▸ **Work request**
Would you please restate the data exactly as it stands, apart from the pictures?

▸ **Information provided**
○ ○ ○

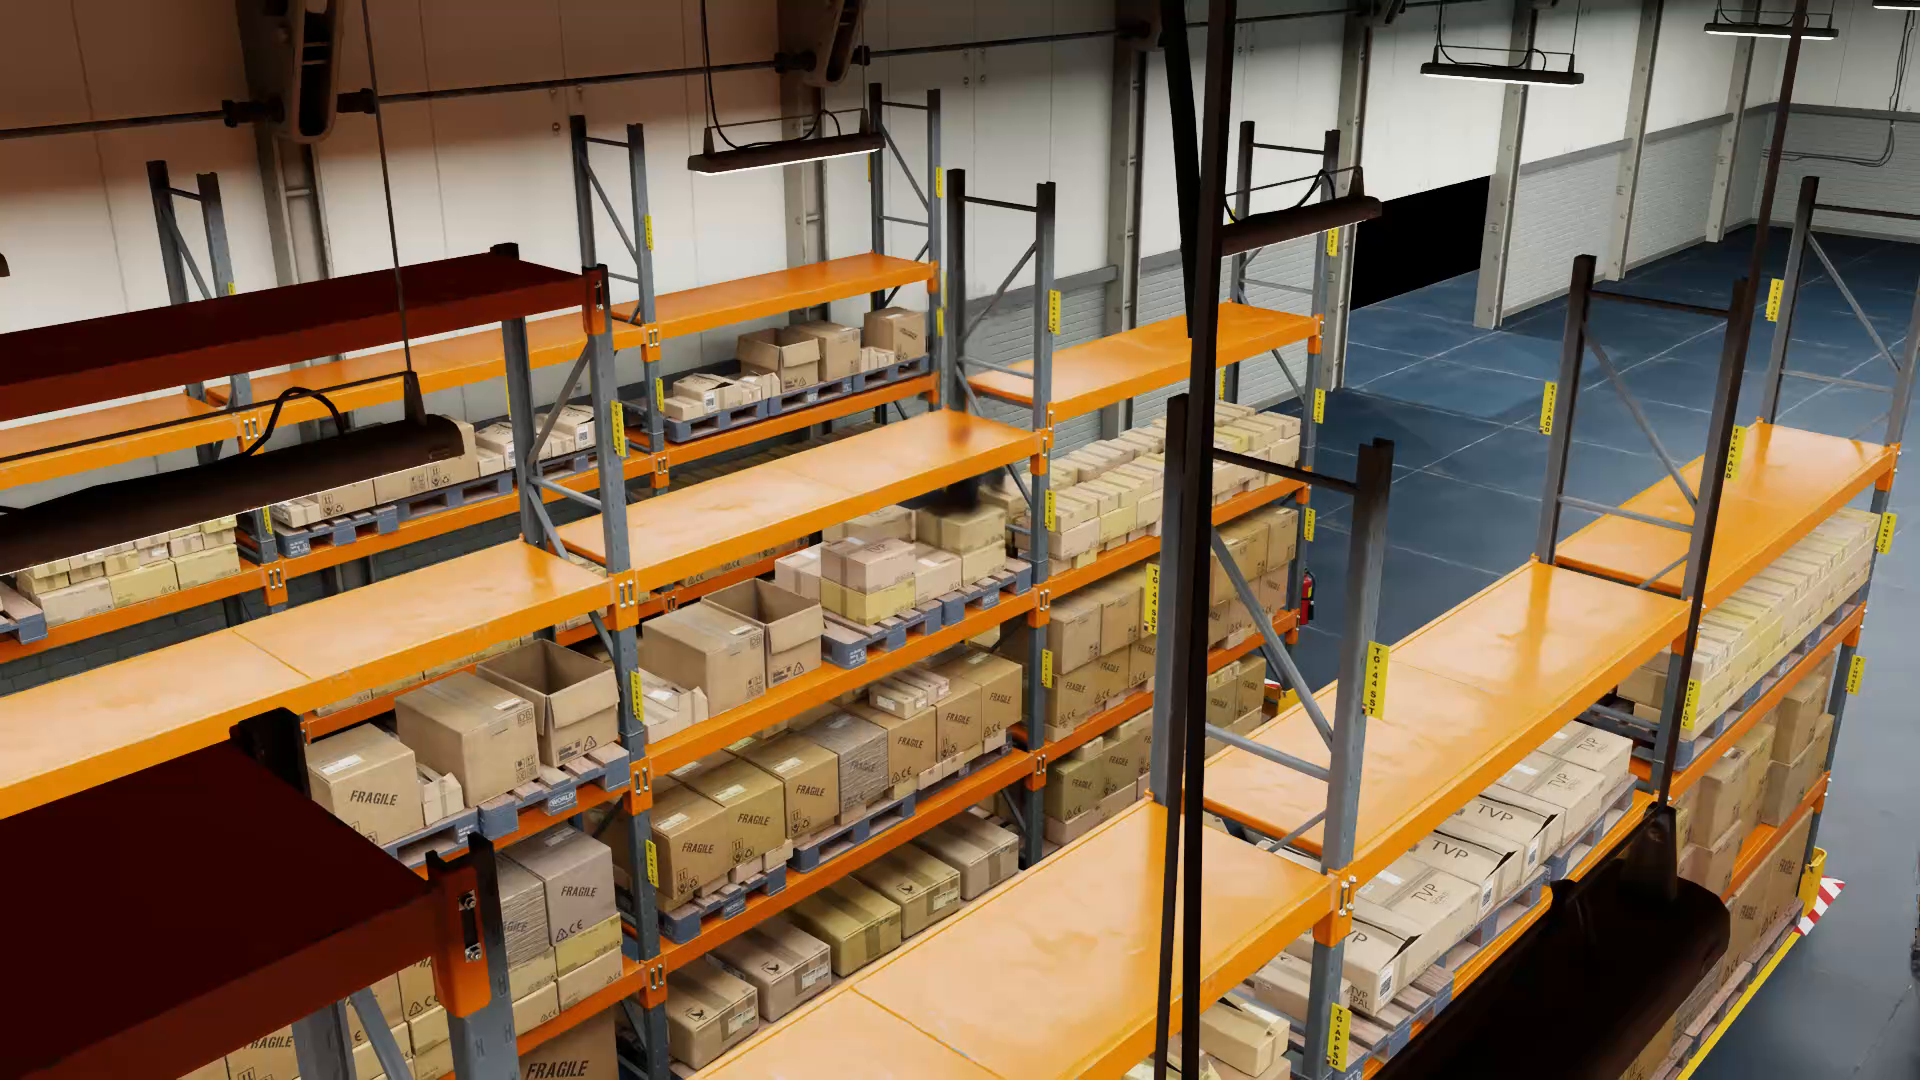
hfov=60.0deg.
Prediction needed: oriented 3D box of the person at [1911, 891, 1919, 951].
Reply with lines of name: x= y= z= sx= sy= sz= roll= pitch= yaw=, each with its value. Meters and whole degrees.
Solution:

○ ○ ○

▸ **Exercise response**
hfov=60.0deg.
Prediction needed: oriented 3D box of the person at [1911, 891, 1919, 951].
Reply with lines of name: x= y= z= sx= sy= sz= roll= pitch= yaw=, each with its value. Meters and whole degrees.
Solution:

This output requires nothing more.